The dust has settled on at least one part of Chip Kelly’s chaotic offseason rebuilding plan — the running back position.

Kelly baffled the NFL world when he traded LeSean McCoy to Buffalo for former defensive rookie of the year Kiko Alonso. A week later, he replaced McCoy by signing two high-profile running backs in free agency, DeMarco Murray and Ryan Mathews.

It’s useful to think of this as one big transaction. Ultimately, here’s what Kelly swapped:

  • Out: LeSean McCoy (cost: $US1 million guaranteed, $US25.3 million maximum)
  • In: DeMarco Murray, Ryan Mathews, Kiko Alonso (cost: $US27.7 million guaranteed, $US53.2 million maximum)

You can see what Kelly did here. He basically took the unguaranteed money he was scheduled (but not required) to pay McCoy through 2017 and gave it to Murray/Mathews in the form of guaranteed cash. He got Alonso — a very talented, but recently-injured linebacker — out of it, but he had to sacrifice significant financial flexibility to do so.

Initially Kelly said the McCoy trade was all about the money. McCoy was scheduled to make $US10.25 million in 2015, and $US25.3 million total through 2017. It’s important to note though, that only $US1 million of that remaining money was guaranteed. At a press conference on Wednesday, Kelly said that he traded McCoy to get Alonso and free up the cash he needed sign cornerback Byron Maxwell, who the team gave $US25 million guaranteed.

“The way we looked at it is we got Kiko Alonso and Byron Maxwell for LeSean McCoy and the bottom line is almost every decision that you have to make is governed by money,” he said.

A day later, he gave Murray/Mathews the same sort of money that McCoy was scheduled to make under his old Eagles deal (he signed a new contract with Buffalo right after getting traded that’s worth $US26.5 million guaranteed, for what it’s worth). Despite what Kelly said at his press conference on Wednesday, the Murray and Mathews signings show that he has zero qualms about investing heavily in the running back position.

The swap is risky. It looks like a genius move until you see the disparity in guaranteed money. The beauty of McCoy’s deal was that you could cut him at any time and not be on the hook for major money. That’s not the case now. The guaranteed money going to Murray ($US21 million) and Mathews ($US5 million) is locked in.

Maybe Kelly figured he was going to pay McCoy that remaining $US25.3 million anyway, so he wasn’t hesitant about giving Murray/Mathews $US26 million guaranteed if he knew he could get Alonso out of it. But it’s still a gamble.

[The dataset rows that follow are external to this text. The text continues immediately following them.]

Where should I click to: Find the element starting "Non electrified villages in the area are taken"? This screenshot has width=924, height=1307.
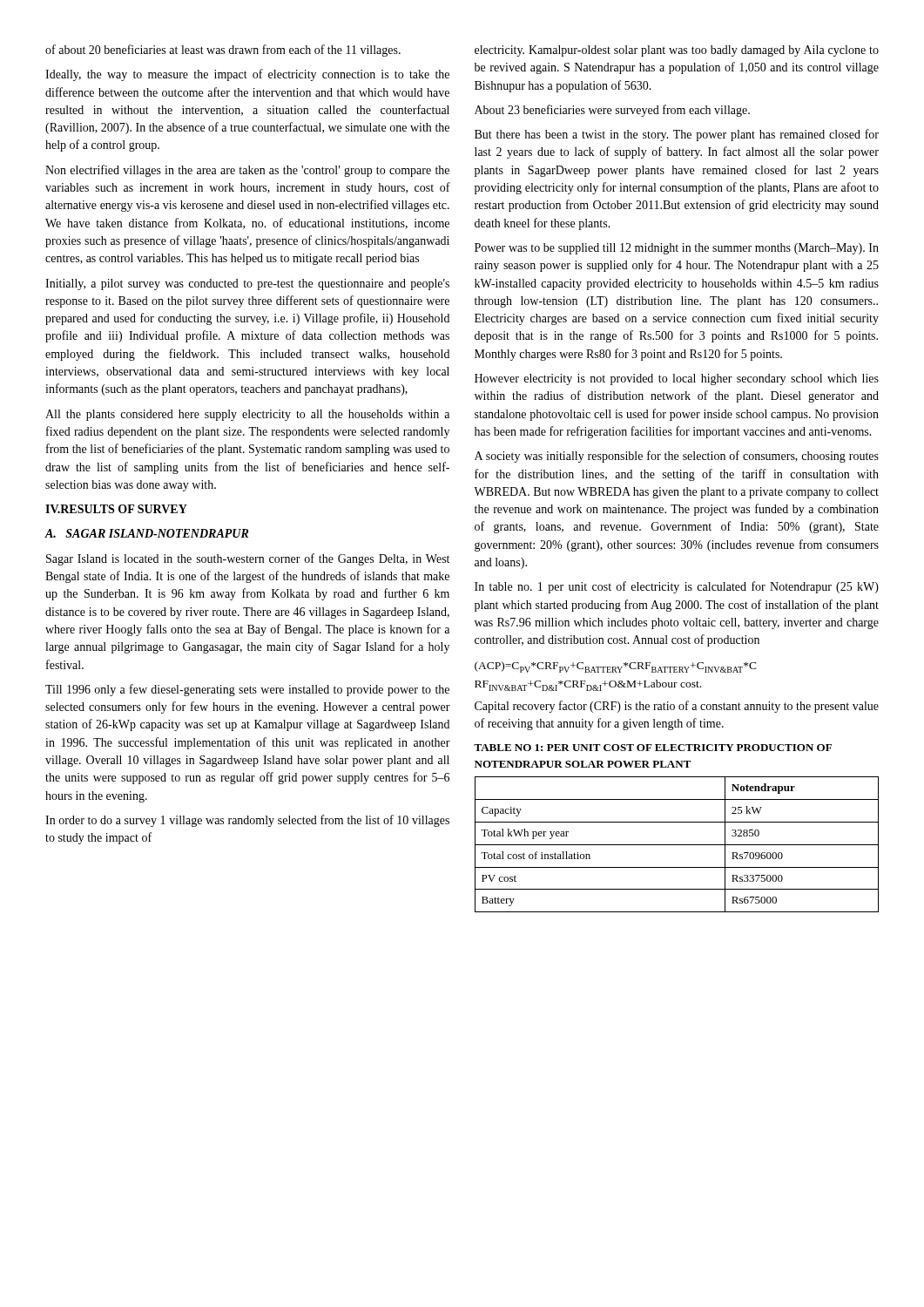(248, 215)

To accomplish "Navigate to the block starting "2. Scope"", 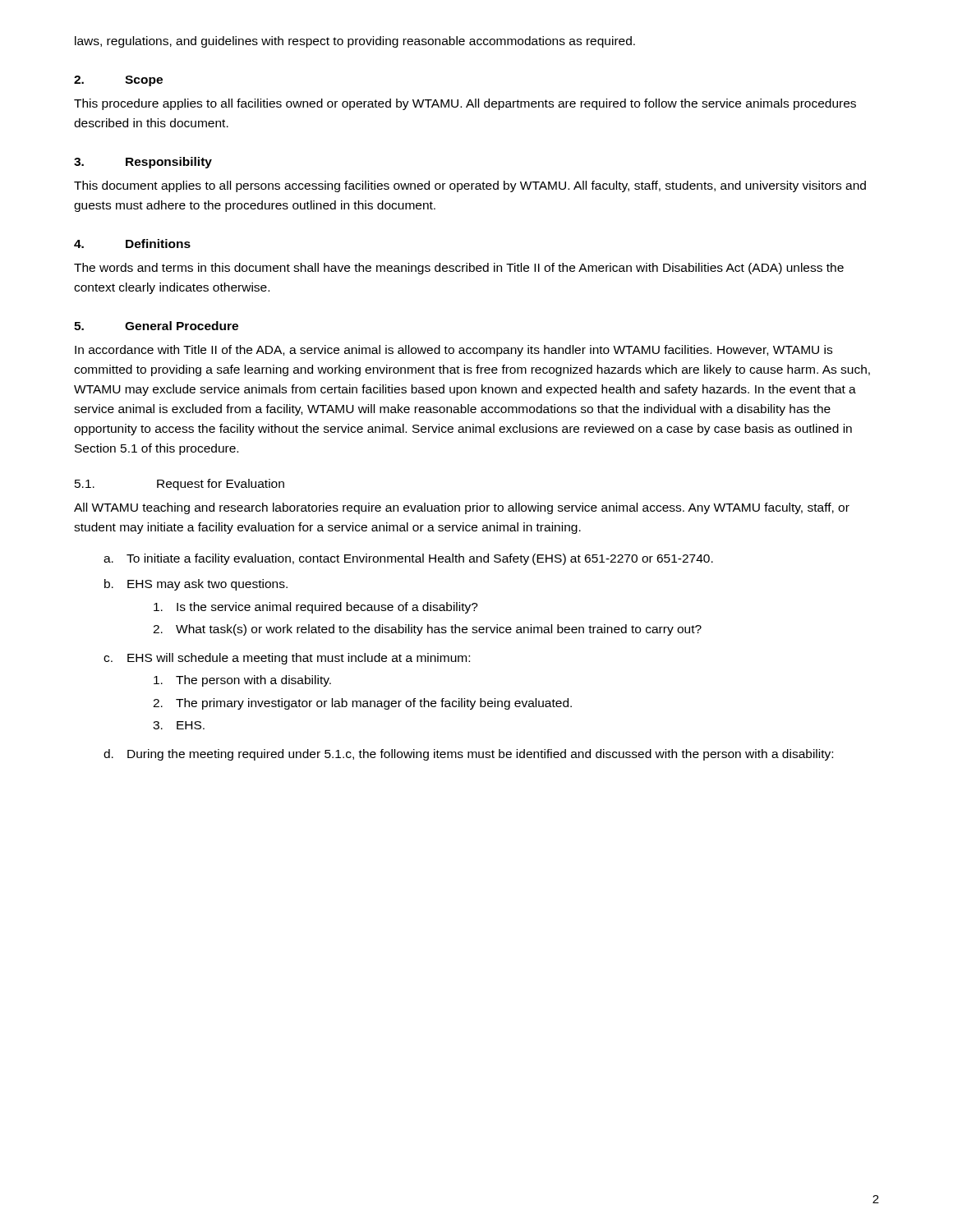I will click(119, 80).
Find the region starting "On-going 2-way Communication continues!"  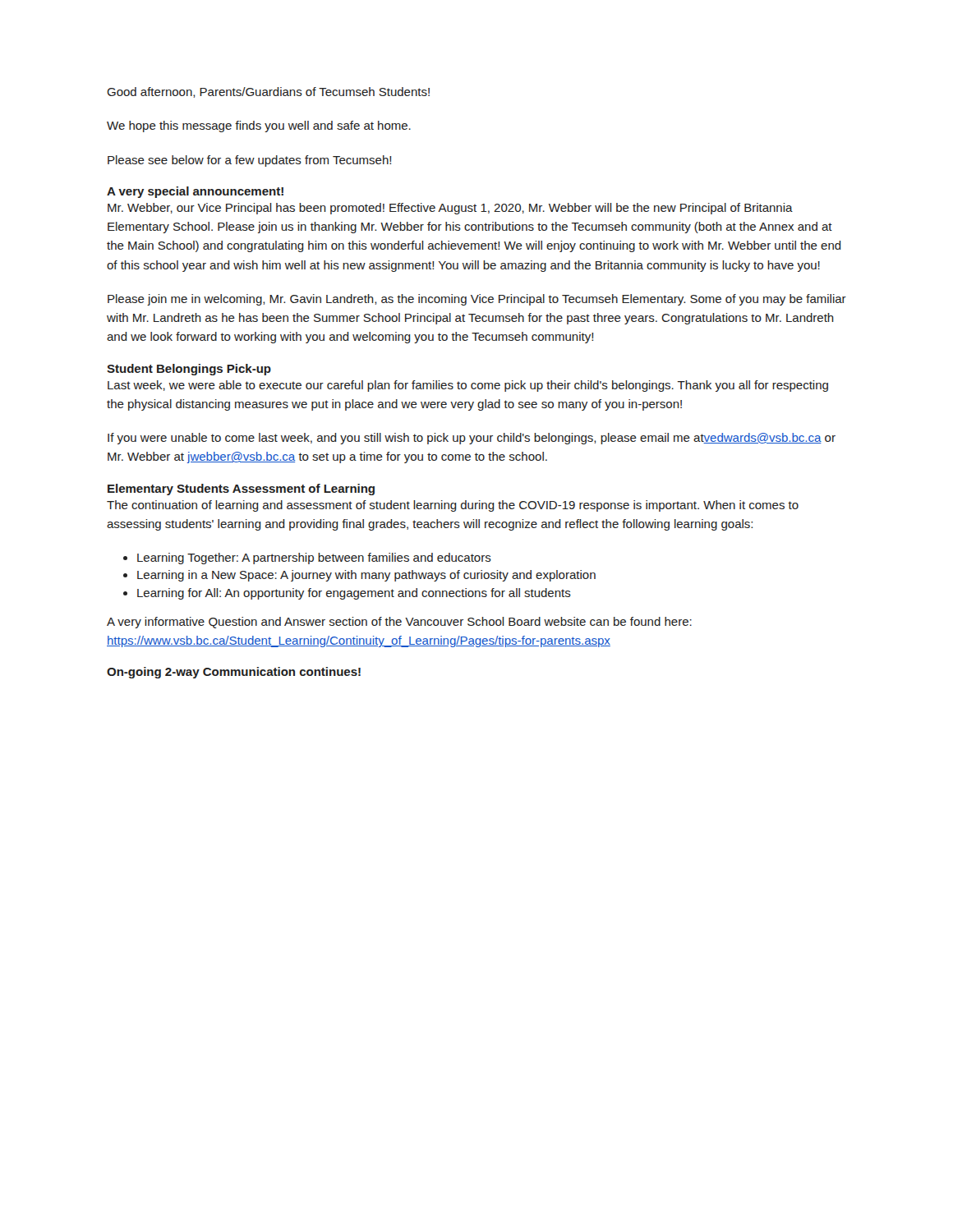point(234,672)

You also have to consider the opportunity cost. Could the $US26 million the Eagles invested in Murray and Mathews have been better spent elsewhere on the roster? Teams across the NFL have stopped valuing the running back position, believing they can get average production out of cheap players. Kelly is regarded as an offensive genius. Couldn’t a cheaper option still excelled in his system? Is the difference between investing $US8 million in running backs and $US26 million in running backs really all that dramatic?

All offseason people have been trying to figure out Chip Kelly’s plan. At running back, at least, we have some clarity. His plan appears to be: swap elite running backs with similar levels of production while also getting a potential All-Pro linebacker, even if it means taking a major financial risk.